The Lights Are On But No One’s Home

We have a saying in the big city, “the lights are on but no one’s home.” By the time you read this, in California at least, everyone may be home but the lights may be off. Chalk another one up to federal and state energy policy pooh-bah’s polymorphic foul-ups. They hit the off switch.

Few beltway types seem to truly realize that oil prices are a basic component of America’s economic health. We in the transportation industry deal with it every day. The price of oil impacts every product conceived, planned, designed, sourced, built, delivered, returned, disposed of—at every one of these stages. When energy prices go up, so do prices on everything. Why transfer all the economic gains we have achieved through SCM, good management and great technology to the oil producing nations, power intermediaries and the oil companies just because we have no policy or no will to implement one? It will grind this economy to a halt.

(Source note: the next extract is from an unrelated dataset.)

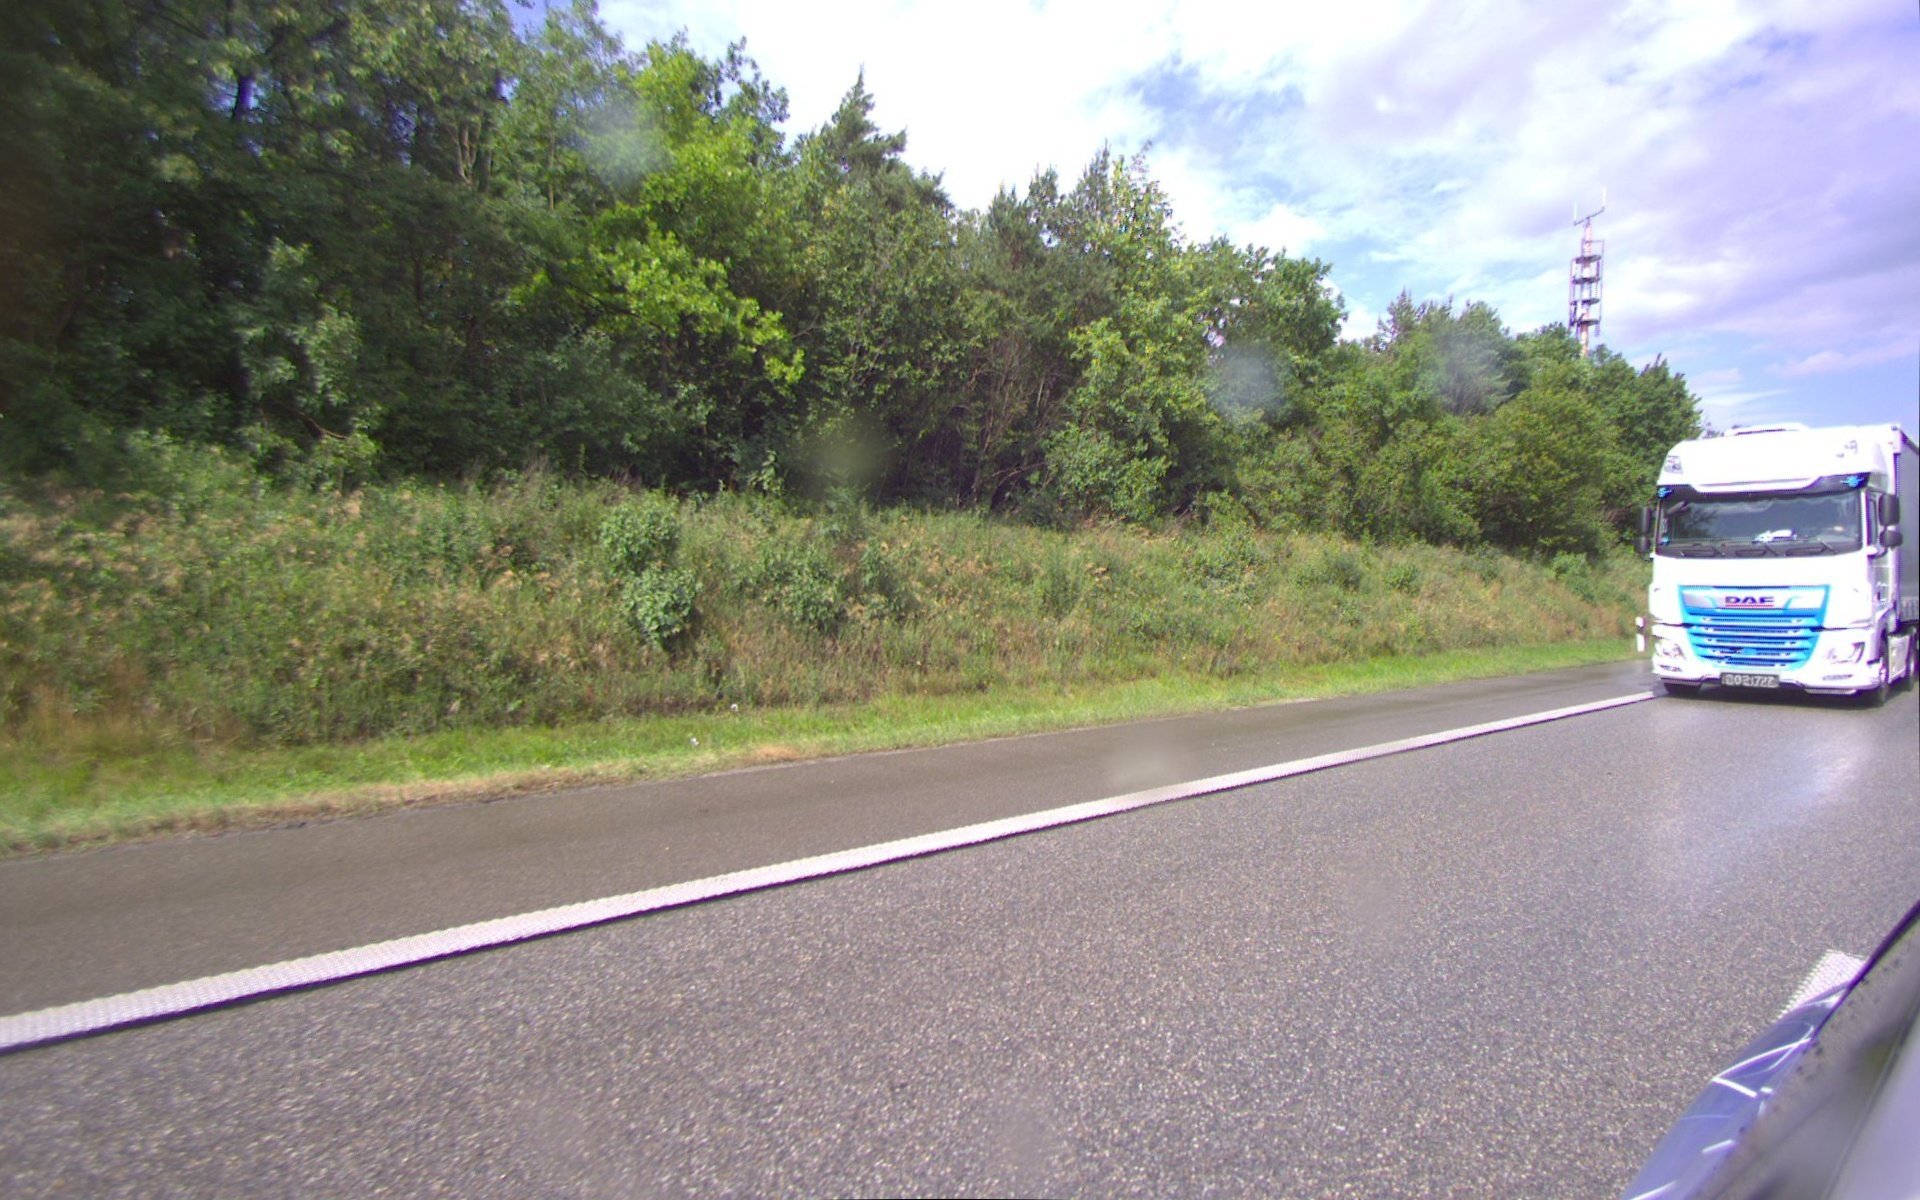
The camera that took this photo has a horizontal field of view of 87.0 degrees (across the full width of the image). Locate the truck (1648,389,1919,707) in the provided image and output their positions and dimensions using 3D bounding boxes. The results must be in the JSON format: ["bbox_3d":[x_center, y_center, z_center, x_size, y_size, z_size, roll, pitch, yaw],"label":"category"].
[{"bbox_3d":[13.647,-0.696,16.242,7.164,4.046,2.611,0,0,-41],"label":"truck"}]

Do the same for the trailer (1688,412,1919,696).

The previous administration’s lack of energy leadership is primarily responsible for getting us in this situation. Second is the oil producing nations’ idea that the explosion and run-up in the stock market had the United States rolling in dough. They wanted a piece of it. Drop production to boost the price. The severe loss of face the United States suffered thanks to the Lewinsky and other scandals convinced the oil producing nations that the Clinton administration would/could do little about their gambit.

Other factors: environmental regulations that are being phased in too quickly, causing production slowdowns at refineries. Some energy intermediaries have been gouging. Oil, fuel, and energy taxes are too high. And then there are state regulations.

Unlike the Clinton crew, the incoming Bush team has some experience with this issue. Did anyone notice the price of oil quickly and magically came down when Bush was declared winner in the waning days of 2000? The media apparently missed the correlation.

The question is will Bush act in our interests or is he one of them?
Here are just a few ideas on crafting an effective energy policy. Perhaps Bush the elder could act as an emissary to the oil producing nations to encourage them not to be greedy. Their payments and investments are mostly in dollars. So it is folly to stall the U.S. economy, because their own treasure will be depleted with ours. Better to bleed us slowly—”pump more and prosper.”

Or perhaps a Nixonesque China move: repair our relationship with Iran and other outcast oil producing nations. They need cash, we need oil. The Bush administration would be partially immune to criticism given perceived hawkish foreign policy and the experience of Cheney and Powell.

Want another short-term idea for immediate real and psychological impact on fuel prices? Suspend collection of federal excise taxes and duties on gas, natural gas, heating oil, and fuel oil. In one stroke, Bush can have politically correct tax relief. How egalitarian. Every user of heat and light, every driver, everyone running trucks, every mass transit system and every consumer would benefit as those billions are redirected from government coffers back into the private sector.

Oil companies and intermediaries would be watched carefully by those who know the tricks, to ensure that savings would be passed along to the consumer. TV economists would have to stop spinning the “tax relief is no good because by the time it kicks in any recession would be long gone” theory. This tax cut would have immediate effect and it would not go to the “wealthiest one percent in America.”